What did Donald Trump do today?
He doubled down on his strategy of sending paramilitary forces into airports.
Trump has refused to allow Republicans to pass any funding bills for the Department of Homeland Security, resulting in a partial shutdown of the government that has had tens of thousands of federal workers going without pay for over a month now. In part this is because he is threatening a legally meaningless presidential filibuster over an act to restrict Americans' ability to vote, and in part it's because he's demanding another massive budget increase for ICE. Trump has increasingly turned to using ICE as a sort of private army, and has most recently deployed them to airports, where the realities of more than a month without pay is forcing TSA agents to quit or call out en masse.
Trump claims that ICE agents are "helping" in airports that now routinely see multi-hour security screening lines. This is a lie, as millions of travelers have seen with their own eyes this week. ICE agents cannot operate screening equipment, are not trained for passenger screening, are not allowed into secure areas of airports, and can't even give better directions around an airport than the average tourist. They cannot even act as law enforcement officers for the kind of police work that is usually needed at airports.
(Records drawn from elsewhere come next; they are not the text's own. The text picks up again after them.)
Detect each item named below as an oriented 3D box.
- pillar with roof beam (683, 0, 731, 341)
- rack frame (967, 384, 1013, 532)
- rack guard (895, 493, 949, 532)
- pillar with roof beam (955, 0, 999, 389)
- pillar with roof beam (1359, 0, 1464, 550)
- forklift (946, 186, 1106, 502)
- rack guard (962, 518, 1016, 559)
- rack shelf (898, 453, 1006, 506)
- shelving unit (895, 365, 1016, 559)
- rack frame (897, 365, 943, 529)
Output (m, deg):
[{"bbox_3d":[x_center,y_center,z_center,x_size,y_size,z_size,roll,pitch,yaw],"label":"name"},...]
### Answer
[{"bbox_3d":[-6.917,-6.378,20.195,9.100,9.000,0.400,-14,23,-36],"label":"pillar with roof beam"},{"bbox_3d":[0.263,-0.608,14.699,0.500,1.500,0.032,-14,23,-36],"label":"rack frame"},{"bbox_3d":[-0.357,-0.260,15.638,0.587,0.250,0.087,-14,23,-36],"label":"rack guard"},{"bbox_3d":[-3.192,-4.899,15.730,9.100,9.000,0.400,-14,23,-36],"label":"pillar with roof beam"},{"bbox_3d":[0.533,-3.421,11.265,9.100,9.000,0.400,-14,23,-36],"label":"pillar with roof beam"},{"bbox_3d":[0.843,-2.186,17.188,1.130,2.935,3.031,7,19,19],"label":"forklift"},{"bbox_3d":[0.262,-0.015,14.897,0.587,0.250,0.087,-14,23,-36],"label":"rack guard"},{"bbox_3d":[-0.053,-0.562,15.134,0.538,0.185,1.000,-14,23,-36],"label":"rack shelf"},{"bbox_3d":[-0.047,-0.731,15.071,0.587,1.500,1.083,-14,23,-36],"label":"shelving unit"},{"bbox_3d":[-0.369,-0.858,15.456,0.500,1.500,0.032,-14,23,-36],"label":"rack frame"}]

As a result, the overwhelming job that ICE agents have been doing while what remains of the TSA's employees work without pay is standing around.

As humiliations mount for Trump, domestically and abroad, ICE is increasingly taking on the role of an emotional safe space for him. Yesterday, he posted a bizarre fantasy about how beloved ICE agents were, and how "they just happen to have much larger, and harder, muscles than most." In reality, ICE is now incredibly unpopular with Americans. As for muscles, the agency had to drastically lower its fitness requirements to meet Trump's hiring surge, to the point where one veteran officer called the standard "pathetic."
Today, Trump mused about doubling down on this strategy by deploying National Guard forces to airports for, as he put it, "more help" than the no help ICE is currently providing. Recently, Trump called up National Guard units from around the country to "fight crime" in cities he was trying to make a political target of. They ended up doing landscaping instead.
Why does this matter?
- People standing around doing nothing is about as inefficient as government ever gets.
- A president who'd ever had to work for anything might not be so casual about demanding Americans work for free.
- Every dictator tries to give himself shock troops that are only accountable to him.